### WHAT YOU SHOULD DO
Wherever the string "answer" shows up in the records below, return that line.

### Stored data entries
══════
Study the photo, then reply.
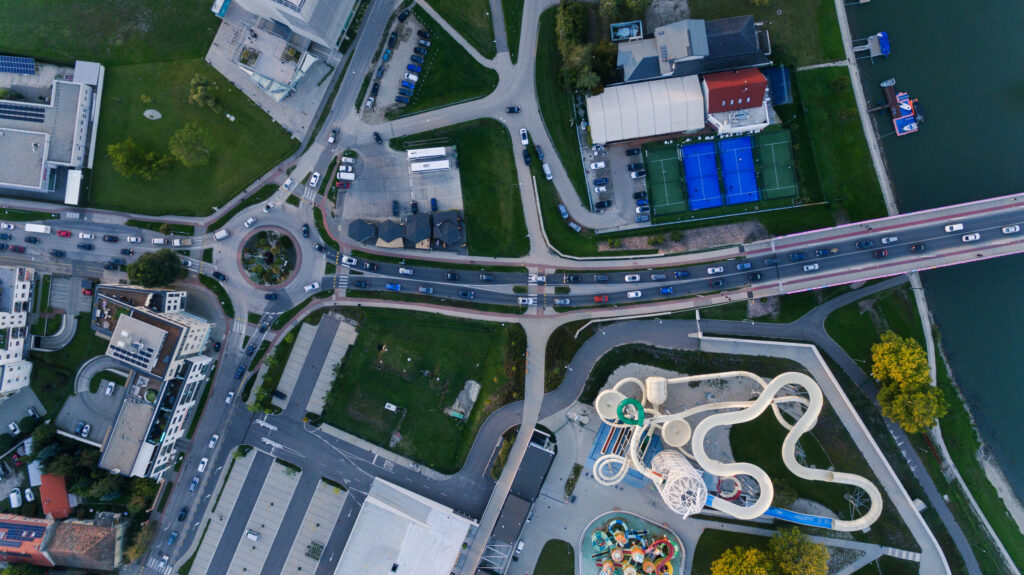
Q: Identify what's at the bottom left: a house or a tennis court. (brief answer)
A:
house
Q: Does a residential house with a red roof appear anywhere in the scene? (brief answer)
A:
Yes
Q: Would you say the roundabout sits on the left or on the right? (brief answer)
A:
left
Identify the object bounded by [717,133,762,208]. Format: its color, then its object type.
blue tennis court
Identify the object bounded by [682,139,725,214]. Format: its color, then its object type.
blue tennis court
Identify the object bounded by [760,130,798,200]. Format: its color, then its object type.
green tennis court
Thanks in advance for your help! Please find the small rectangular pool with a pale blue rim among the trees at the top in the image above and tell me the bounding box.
[610,20,643,42]
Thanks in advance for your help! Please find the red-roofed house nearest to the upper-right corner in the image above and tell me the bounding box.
[700,68,769,135]
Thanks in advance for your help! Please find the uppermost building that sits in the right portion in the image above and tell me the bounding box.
[617,15,772,84]
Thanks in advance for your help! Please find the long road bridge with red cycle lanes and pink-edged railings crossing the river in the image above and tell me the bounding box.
[772,194,1024,295]
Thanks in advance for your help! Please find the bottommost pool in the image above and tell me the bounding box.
[579,510,685,575]
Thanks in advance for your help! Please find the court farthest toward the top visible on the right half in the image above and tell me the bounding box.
[767,66,793,105]
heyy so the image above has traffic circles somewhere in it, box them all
[236,225,302,290]
══════
### OUTPUT OF THE TASK
Q: Identify what's at the bottom left: a house or a tennis court. (brief answer)
Q: Does a residential house with a red roof appear anywhere in the scene? (brief answer)
Q: Would you say the roundabout sits on the left or on the right? (brief answer)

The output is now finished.